__Your instructions__: Give all of the listing again word for word, with images excluded.

__Recorded data__:
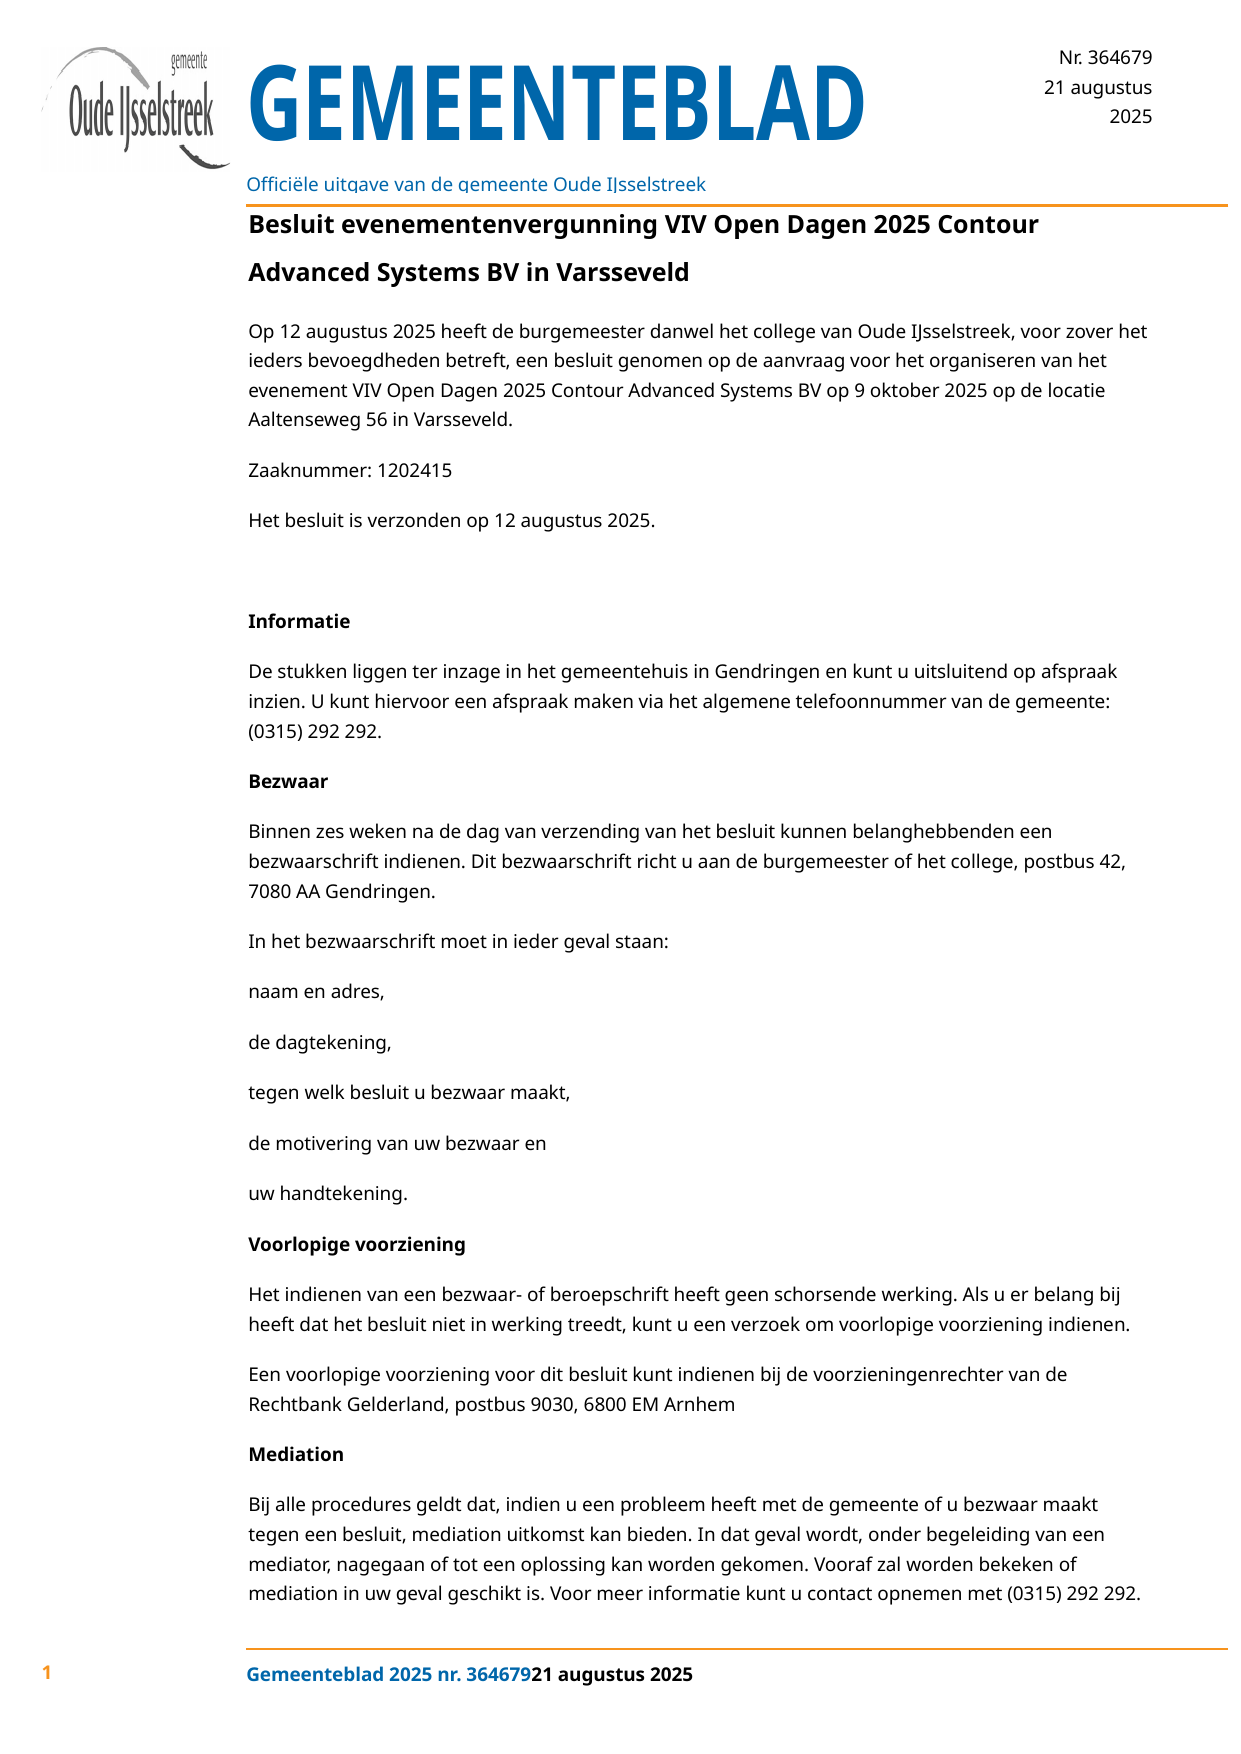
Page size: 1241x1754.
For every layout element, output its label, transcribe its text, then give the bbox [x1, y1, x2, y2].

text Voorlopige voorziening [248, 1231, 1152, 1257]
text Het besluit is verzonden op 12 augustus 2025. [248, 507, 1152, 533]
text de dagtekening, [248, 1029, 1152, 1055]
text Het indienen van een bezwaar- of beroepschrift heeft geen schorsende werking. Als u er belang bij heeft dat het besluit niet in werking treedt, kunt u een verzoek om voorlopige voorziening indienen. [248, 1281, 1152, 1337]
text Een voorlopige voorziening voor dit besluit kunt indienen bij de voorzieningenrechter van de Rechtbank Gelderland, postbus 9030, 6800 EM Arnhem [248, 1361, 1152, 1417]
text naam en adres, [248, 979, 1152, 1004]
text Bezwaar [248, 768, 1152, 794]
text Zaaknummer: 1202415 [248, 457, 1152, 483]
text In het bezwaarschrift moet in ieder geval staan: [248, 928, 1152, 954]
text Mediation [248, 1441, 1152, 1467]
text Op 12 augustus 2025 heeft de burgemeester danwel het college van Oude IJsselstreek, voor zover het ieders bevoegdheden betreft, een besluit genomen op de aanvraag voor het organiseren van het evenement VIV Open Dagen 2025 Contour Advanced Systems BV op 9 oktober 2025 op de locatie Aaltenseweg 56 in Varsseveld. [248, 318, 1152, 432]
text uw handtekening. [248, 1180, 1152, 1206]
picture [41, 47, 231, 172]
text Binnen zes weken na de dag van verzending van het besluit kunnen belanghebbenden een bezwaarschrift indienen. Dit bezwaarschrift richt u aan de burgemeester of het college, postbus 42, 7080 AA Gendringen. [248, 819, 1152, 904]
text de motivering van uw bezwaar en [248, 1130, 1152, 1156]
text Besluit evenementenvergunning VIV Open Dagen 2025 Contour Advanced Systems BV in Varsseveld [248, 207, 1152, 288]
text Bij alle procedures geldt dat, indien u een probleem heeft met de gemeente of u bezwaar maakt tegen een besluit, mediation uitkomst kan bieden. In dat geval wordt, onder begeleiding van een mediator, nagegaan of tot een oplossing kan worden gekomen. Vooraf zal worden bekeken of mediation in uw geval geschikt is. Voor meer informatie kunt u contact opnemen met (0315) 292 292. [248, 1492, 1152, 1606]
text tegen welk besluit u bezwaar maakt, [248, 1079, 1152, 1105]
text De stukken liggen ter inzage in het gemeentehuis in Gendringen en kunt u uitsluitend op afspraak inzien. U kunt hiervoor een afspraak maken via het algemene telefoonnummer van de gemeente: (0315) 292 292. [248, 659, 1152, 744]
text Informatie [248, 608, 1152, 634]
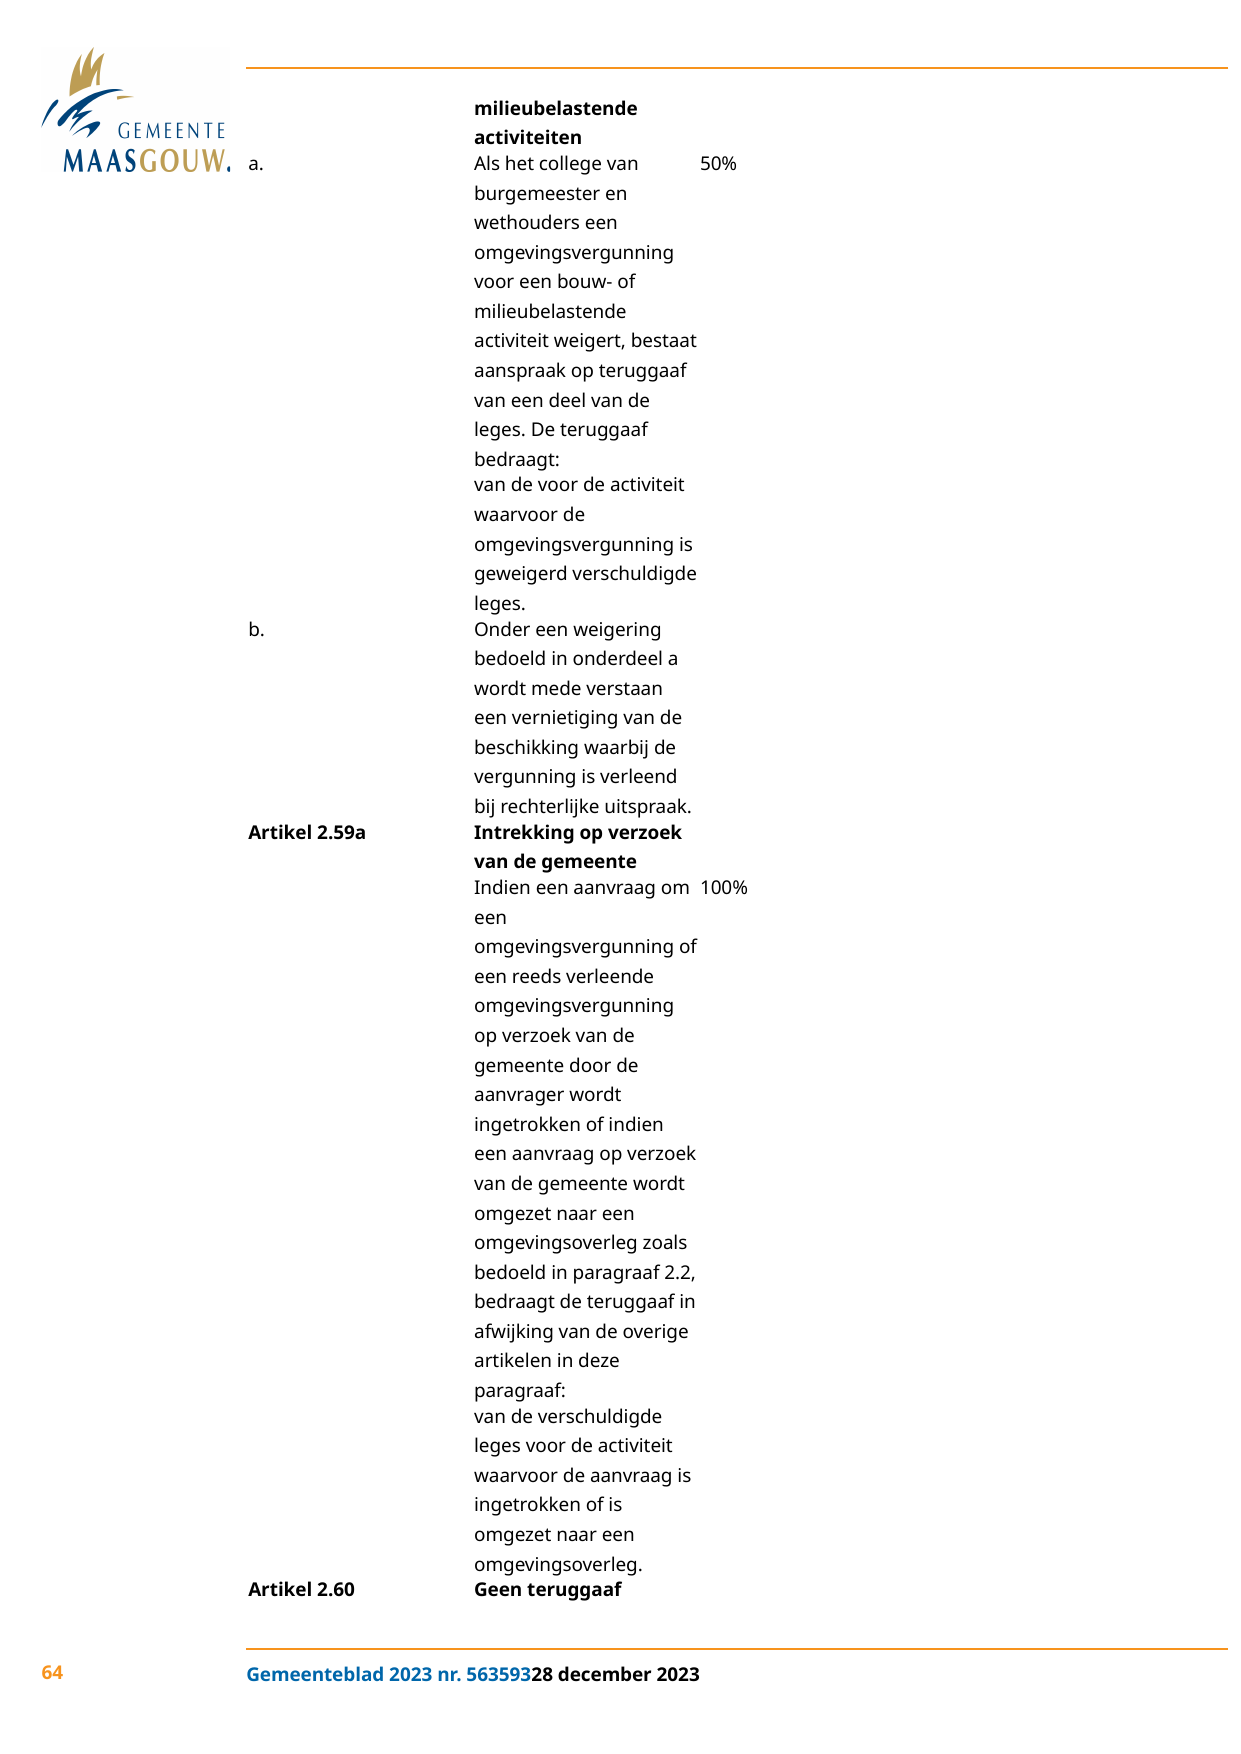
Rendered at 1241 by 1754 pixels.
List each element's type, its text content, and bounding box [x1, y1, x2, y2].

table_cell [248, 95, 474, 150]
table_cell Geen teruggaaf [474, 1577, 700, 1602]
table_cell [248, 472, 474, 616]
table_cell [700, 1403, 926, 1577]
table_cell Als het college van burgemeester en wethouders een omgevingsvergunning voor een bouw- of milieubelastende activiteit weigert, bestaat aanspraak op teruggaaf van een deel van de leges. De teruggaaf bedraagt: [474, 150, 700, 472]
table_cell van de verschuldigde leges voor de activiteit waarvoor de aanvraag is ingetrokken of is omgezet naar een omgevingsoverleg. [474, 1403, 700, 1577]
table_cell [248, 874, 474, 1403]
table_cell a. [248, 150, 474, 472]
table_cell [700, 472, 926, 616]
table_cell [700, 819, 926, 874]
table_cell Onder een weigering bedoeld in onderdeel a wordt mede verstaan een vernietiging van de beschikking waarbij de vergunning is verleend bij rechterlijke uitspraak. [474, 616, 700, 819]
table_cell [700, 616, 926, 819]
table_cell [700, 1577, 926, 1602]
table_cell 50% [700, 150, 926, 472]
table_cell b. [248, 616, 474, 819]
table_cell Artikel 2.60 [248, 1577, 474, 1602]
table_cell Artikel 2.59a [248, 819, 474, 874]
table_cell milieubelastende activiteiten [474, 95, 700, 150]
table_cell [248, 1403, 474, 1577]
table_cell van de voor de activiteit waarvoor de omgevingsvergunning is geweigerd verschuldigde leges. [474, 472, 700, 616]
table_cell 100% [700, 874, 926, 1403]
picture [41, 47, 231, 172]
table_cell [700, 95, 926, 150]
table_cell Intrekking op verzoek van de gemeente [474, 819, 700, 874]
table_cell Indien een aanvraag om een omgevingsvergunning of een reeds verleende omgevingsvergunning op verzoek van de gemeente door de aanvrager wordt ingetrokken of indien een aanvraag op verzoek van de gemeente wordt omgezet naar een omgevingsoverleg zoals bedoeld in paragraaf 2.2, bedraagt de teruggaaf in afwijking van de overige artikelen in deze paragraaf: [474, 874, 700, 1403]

__Exercise response__:
Page size: 1241x1754.
For every layout element, output its label, transcribe its text, then give the bbox [x1, y1, x2, y2].

text Voorlopige voorziening [248, 1231, 1152, 1257]
text Het besluit is verzonden op 12 augustus 2025. [248, 507, 1152, 533]
text de dagtekening, [248, 1029, 1152, 1055]
text Het indienen van een bezwaar- of beroepschrift heeft geen schorsende werking. Als u er belang bij heeft dat het besluit niet in werking treedt, kunt u een verzoek om voorlopige voorziening indienen. [248, 1281, 1152, 1337]
text Een voorlopige voorziening voor dit besluit kunt indienen bij de voorzieningenrechter van de Rechtbank Gelderland, postbus 9030, 6800 EM Arnhem [248, 1361, 1152, 1417]
text naam en adres, [248, 979, 1152, 1004]
text Bezwaar [248, 768, 1152, 794]
text Zaaknummer: 1202415 [248, 457, 1152, 483]
text In het bezwaarschrift moet in ieder geval staan: [248, 928, 1152, 954]
text Mediation [248, 1441, 1152, 1467]
text Op 12 augustus 2025 heeft de burgemeester danwel het college van Oude IJsselstreek, voor zover het ieders bevoegdheden betreft, een besluit genomen op de aanvraag voor het organiseren van het evenement VIV Open Dagen 2025 Contour Advanced Systems BV op 9 oktober 2025 op de locatie Aaltenseweg 56 in Varsseveld. [248, 318, 1152, 432]
text uw handtekening. [248, 1180, 1152, 1206]
picture [41, 47, 231, 172]
text Binnen zes weken na de dag van verzending van het besluit kunnen belanghebbenden een bezwaarschrift indienen. Dit bezwaarschrift richt u aan de burgemeester of het college, postbus 42, 7080 AA Gendringen. [248, 819, 1152, 904]
text de motivering van uw bezwaar en [248, 1130, 1152, 1156]
text Besluit evenementenvergunning VIV Open Dagen 2025 Contour Advanced Systems BV in Varsseveld [248, 207, 1152, 288]
text Bij alle procedures geldt dat, indien u een probleem heeft met de gemeente of u bezwaar maakt tegen een besluit, mediation uitkomst kan bieden. In dat geval wordt, onder begeleiding van een mediator, nagegaan of tot een oplossing kan worden gekomen. Vooraf zal worden bekeken of mediation in uw geval geschikt is. Voor meer informatie kunt u contact opnemen met (0315) 292 292. [248, 1492, 1152, 1606]
text tegen welk besluit u bezwaar maakt, [248, 1079, 1152, 1105]
text De stukken liggen ter inzage in het gemeentehuis in Gendringen en kunt u uitsluitend op afspraak inzien. U kunt hiervoor een afspraak maken via het algemene telefoonnummer van de gemeente: (0315) 292 292. [248, 659, 1152, 744]
text Informatie [248, 608, 1152, 634]
Rendered at 1241 by 1754 pixels.
List each element's type, its text content, and bounding box [x1, y1, x2, y2].

table_cell [248, 95, 474, 150]
table_cell Geen teruggaaf [474, 1577, 700, 1602]
table_cell [248, 472, 474, 616]
table_cell [700, 1403, 926, 1577]
table_cell Als het college van burgemeester en wethouders een omgevingsvergunning voor een bouw- of milieubelastende activiteit weigert, bestaat aanspraak op teruggaaf van een deel van de leges. De teruggaaf bedraagt: [474, 150, 700, 472]
table_cell van de verschuldigde leges voor de activiteit waarvoor de aanvraag is ingetrokken of is omgezet naar een omgevingsoverleg. [474, 1403, 700, 1577]
table_cell [248, 874, 474, 1403]
table_cell a. [248, 150, 474, 472]
table_cell [700, 472, 926, 616]
table_cell [700, 819, 926, 874]
table_cell Onder een weigering bedoeld in onderdeel a wordt mede verstaan een vernietiging van de beschikking waarbij de vergunning is verleend bij rechterlijke uitspraak. [474, 616, 700, 819]
table_cell [700, 616, 926, 819]
table_cell [700, 1577, 926, 1602]
table_cell 50% [700, 150, 926, 472]
table_cell b. [248, 616, 474, 819]
table_cell Artikel 2.60 [248, 1577, 474, 1602]
table_cell Artikel 2.59a [248, 819, 474, 874]
table_cell milieubelastende activiteiten [474, 95, 700, 150]
table_cell [248, 1403, 474, 1577]
table_cell van de voor de activiteit waarvoor de omgevingsvergunning is geweigerd verschuldigde leges. [474, 472, 700, 616]
table_cell 100% [700, 874, 926, 1403]
picture [41, 47, 231, 172]
table_cell [700, 95, 926, 150]
table_cell Intrekking op verzoek van de gemeente [474, 819, 700, 874]
table_cell Indien een aanvraag om een omgevingsvergunning of een reeds verleende omgevingsvergunning op verzoek van de gemeente door de aanvrager wordt ingetrokken of indien een aanvraag op verzoek van de gemeente wordt omgezet naar een omgevingsoverleg zoals bedoeld in paragraaf 2.2, bedraagt de teruggaaf in afwijking van de overige artikelen in deze paragraaf: [474, 874, 700, 1403]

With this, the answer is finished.